Open-Source Internship opportunity by OpenGenus for programmers. Apply now.
Natural Language Processing (NLP) is a process by which a computer can able to work on text. When a machine gets the power to understand the text it give us marvelous. In this article, we are going to see some applications of NLP that can help us to do language related task with the help of machine.
In this article we will be going to see applications of NLP like:
- Text Generation using GPT-2
- Text Summarization
- Sentiment Analysis
Text Generation using GPT-2
In this article, we have got to know about how the transformers work for language modeling. GPT-2 (Generative Pre-training Model) is an AI model released by OpenAI to perform both supervised and unsupervised learning to perform text generation for NLP tasks. OpenAI didn't released the whole at once but released it incrementally, with each phase having a larger and better model than the previous phase.

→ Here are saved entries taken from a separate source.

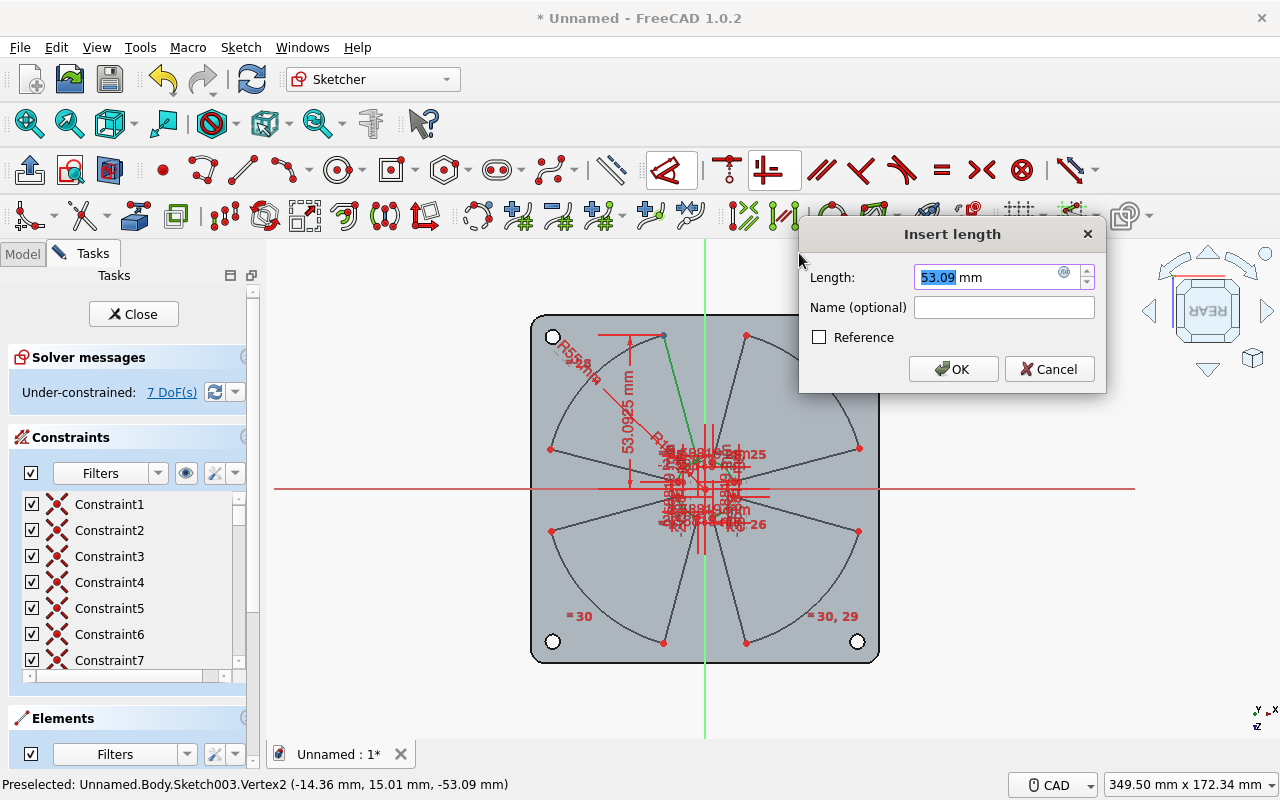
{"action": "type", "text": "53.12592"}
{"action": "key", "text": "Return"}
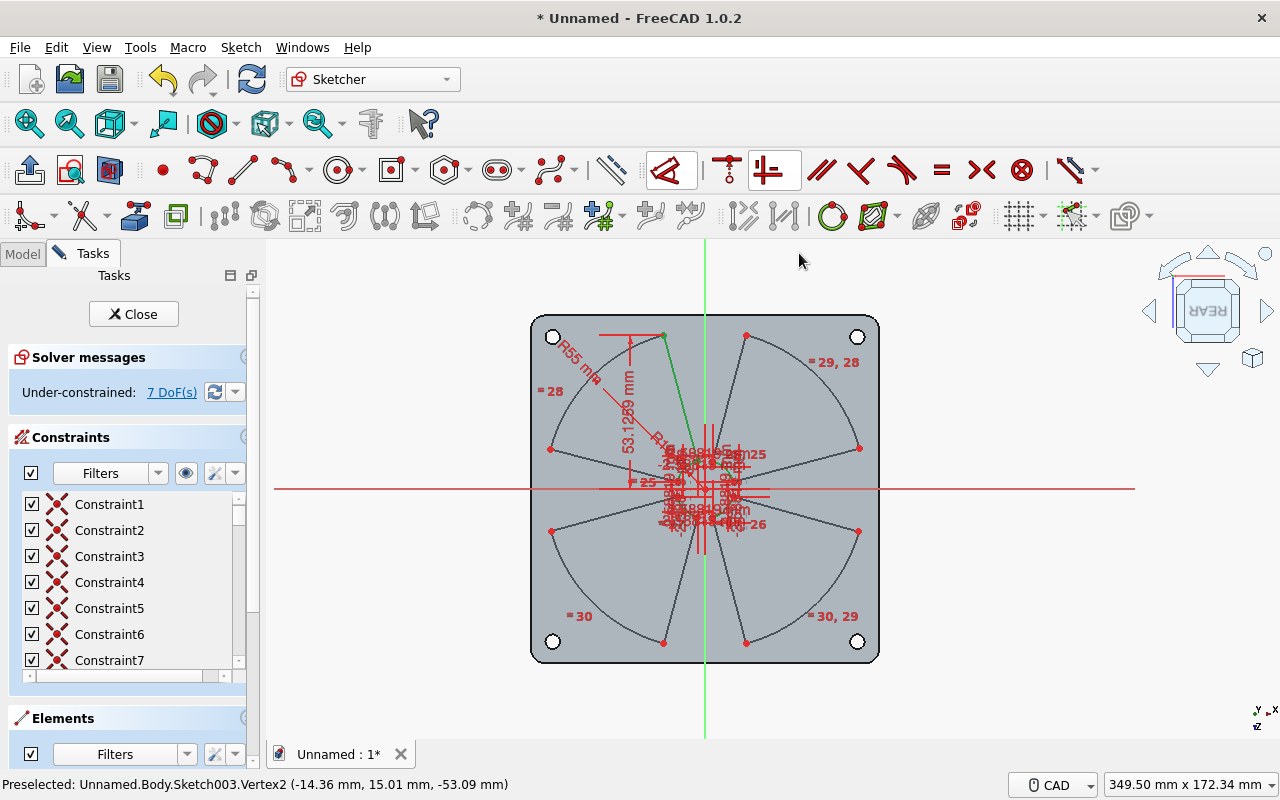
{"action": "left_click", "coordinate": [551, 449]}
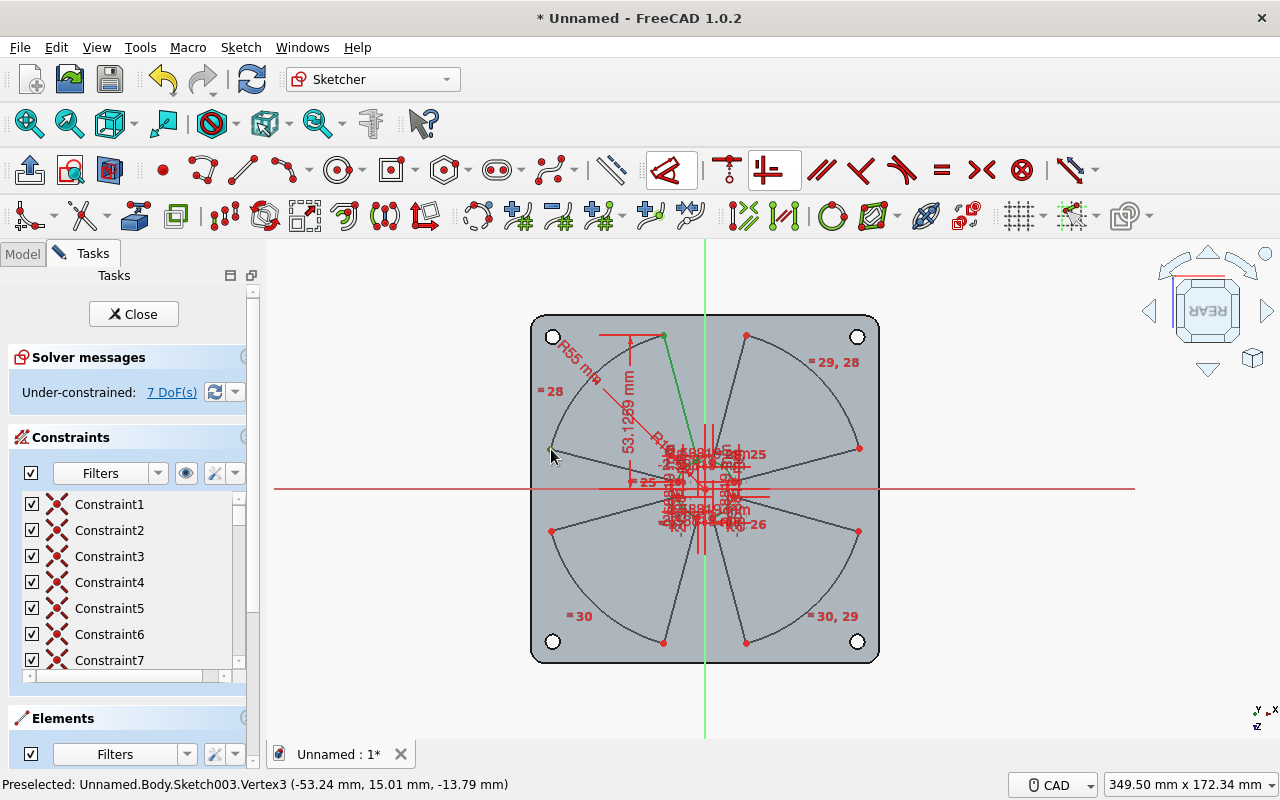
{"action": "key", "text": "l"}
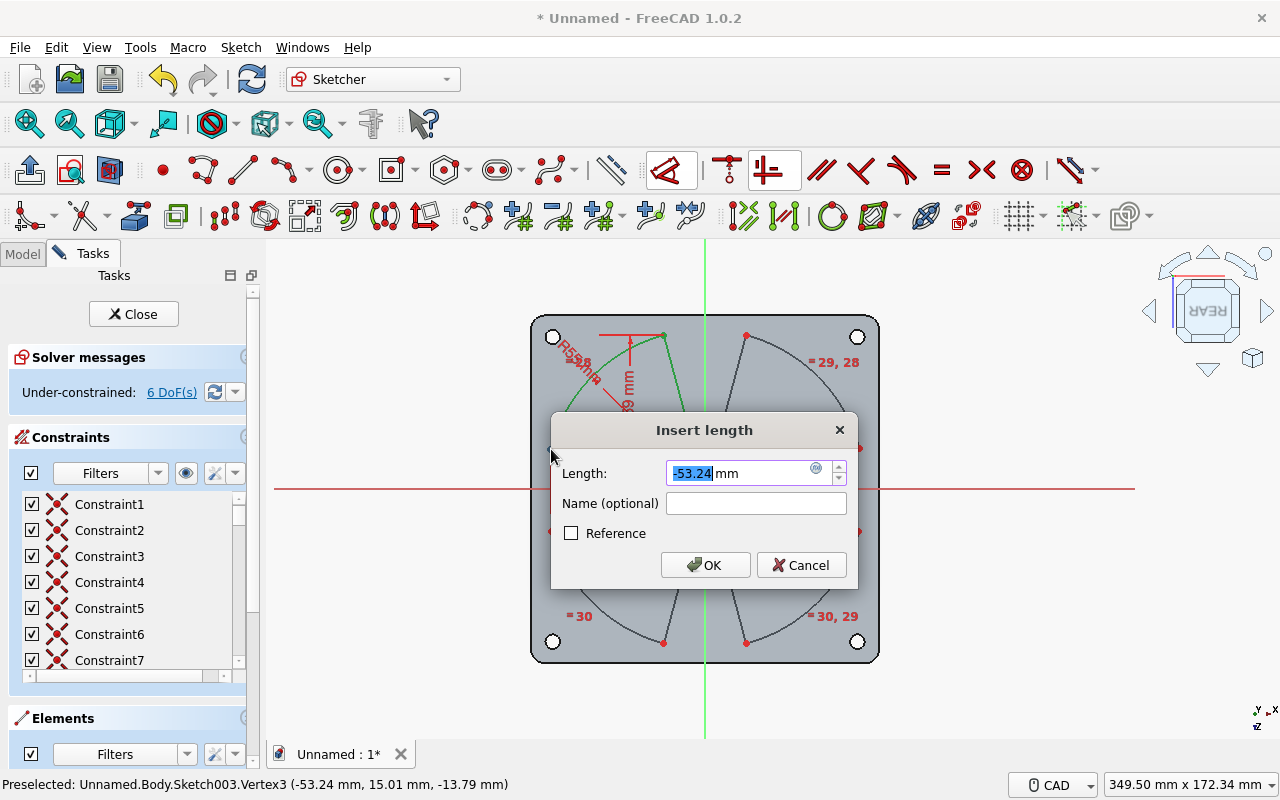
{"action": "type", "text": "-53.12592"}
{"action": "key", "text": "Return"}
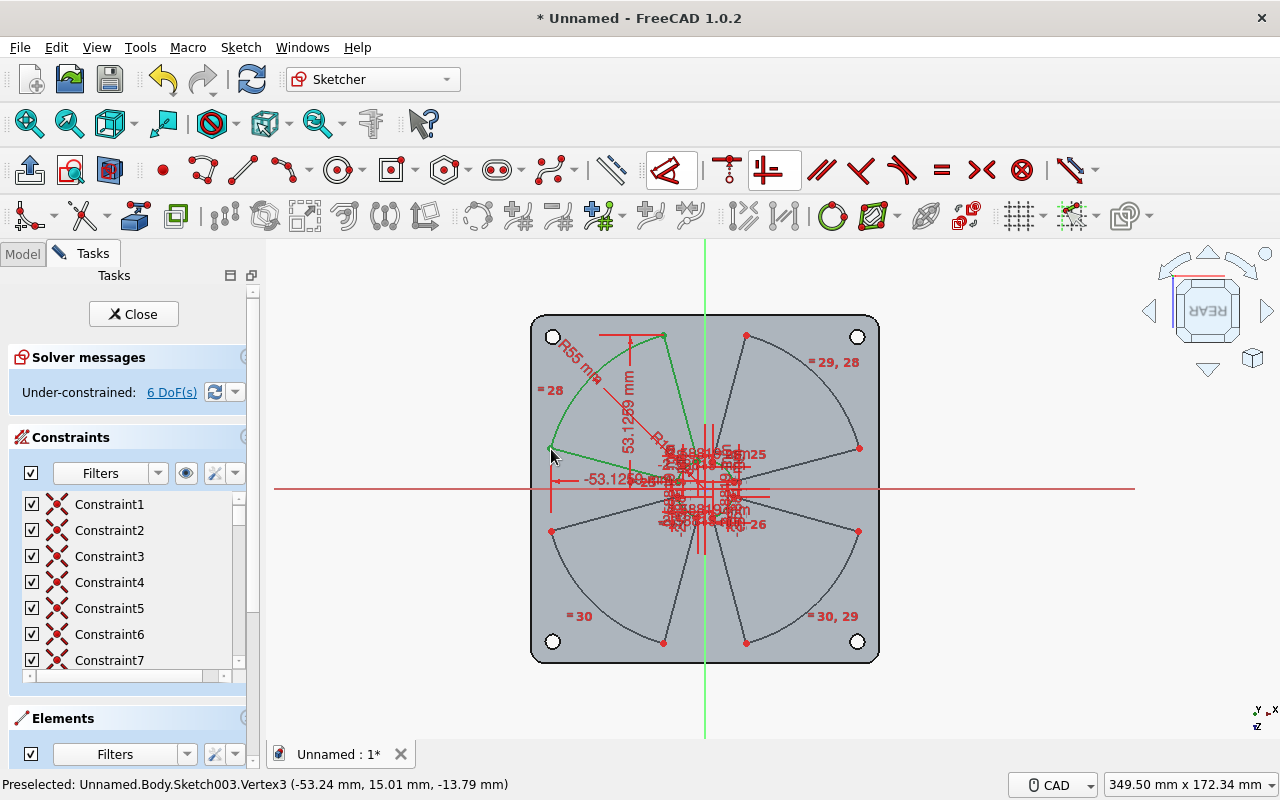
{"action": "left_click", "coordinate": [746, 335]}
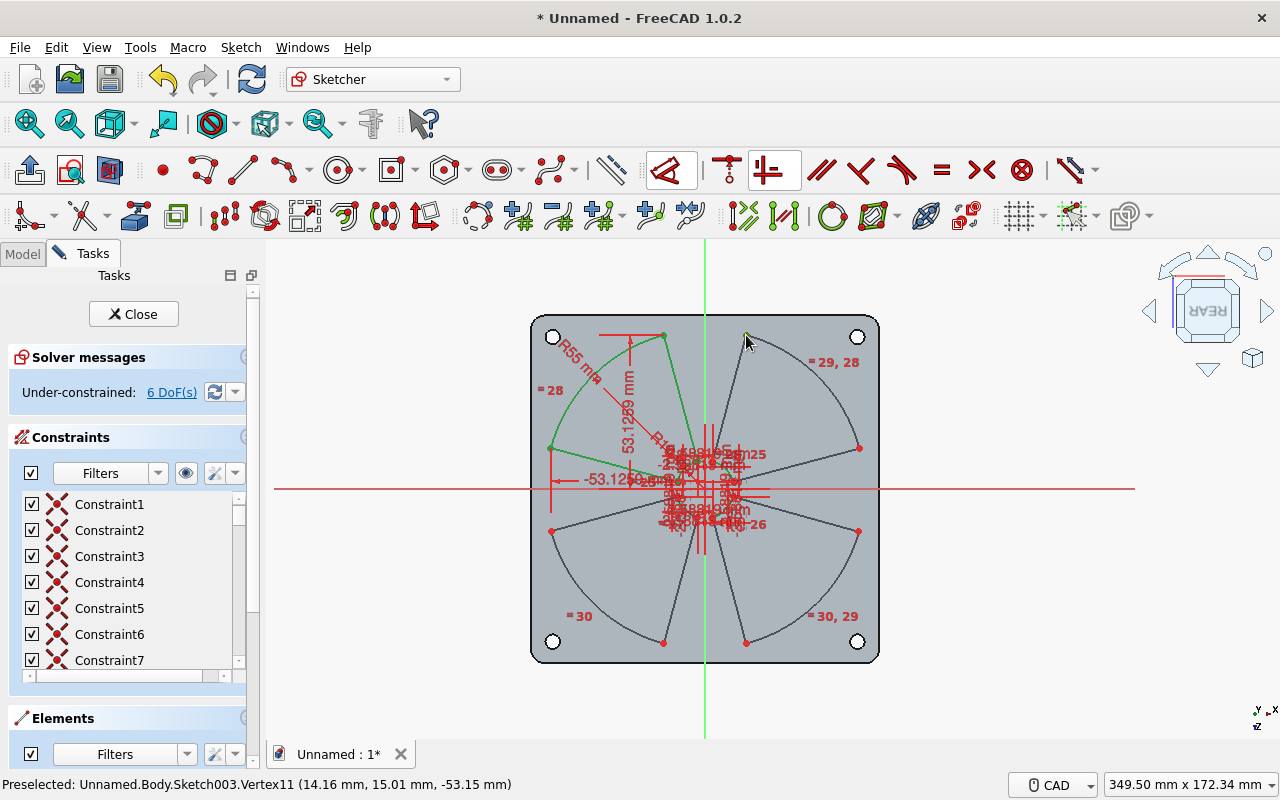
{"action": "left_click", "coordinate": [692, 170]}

We are to explore the implementation of the various GPT-2 models. In this implementation, we are going to implement it on Google Colab for the resources that it provide.
For generating text with GPT-2 we are going to use a Python package "Chatting Transformer". Chatting Transformer is a Python library for generating text using GPT2. By using Chatting Transformer, we can implement and use this model with a few lines of code.
To install the Chatting Transformer Package use the pip command:and import the Chatting Transformer, use the following command
pip install chattingtransformer
Now, importing and instantiating the module. Instantiating the model for first time will take some as it will down the GPT-2 model:
from chattingtransformer import ChattingGPT2
gpt2 = ChattingGPT2()
Now, we can be able to use the GPT-2 for generating text. For that we have to give the model a input text so that model is able to generate the extended text using the input text. generate_text() will predict the generate b text.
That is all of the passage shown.